Provided records START

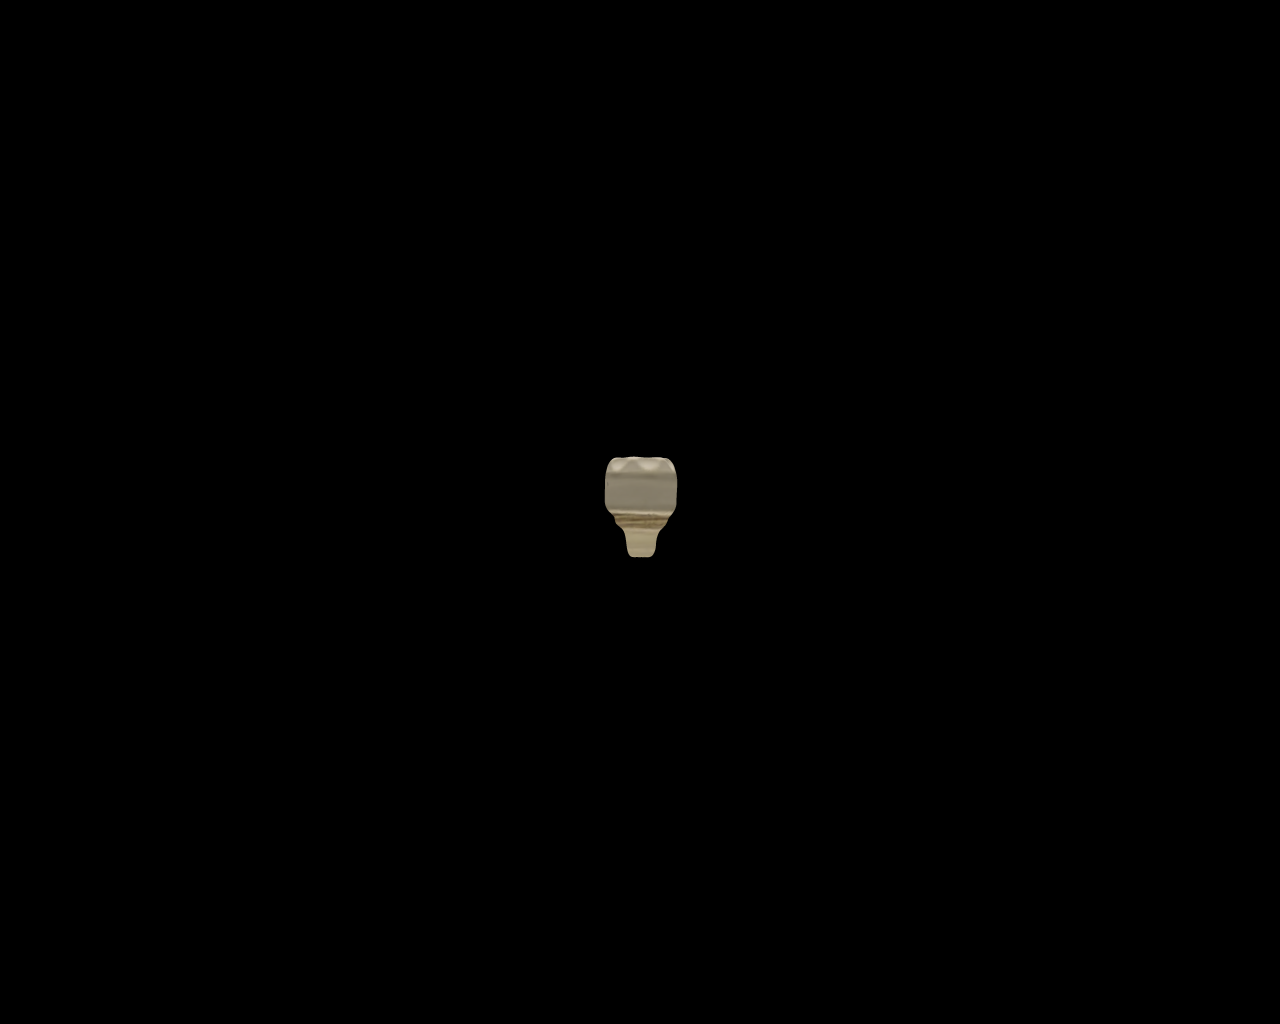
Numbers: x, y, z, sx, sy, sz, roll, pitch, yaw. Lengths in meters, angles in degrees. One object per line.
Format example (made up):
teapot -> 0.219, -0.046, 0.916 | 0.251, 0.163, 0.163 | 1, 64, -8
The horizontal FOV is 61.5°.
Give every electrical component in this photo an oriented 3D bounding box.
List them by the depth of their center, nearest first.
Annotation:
electrical component -> 0.001, -0.003, 0.650 | 0.043, 0.062, 0.043 | 0, 0, 0

Provided records END

Each entry above should be printed exactly, and any picture in it left out.

Numbers: x, y, z, sx, sy, sz, roll, pitch, yaw. Lengths in meters, angles in degrees. One object per line.
Format example (made up):
teapot -> 0.219, -0.046, 0.916 | 0.251, 0.163, 0.163 | 1, 64, -8
The horizontal FOV is 61.5°.
Give every electrical component in this photo an oriented 3D bounding box.
List them by the depth of their center, nearest first.
Annotation:
electrical component -> 0.001, -0.003, 0.650 | 0.043, 0.062, 0.043 | 0, 0, 0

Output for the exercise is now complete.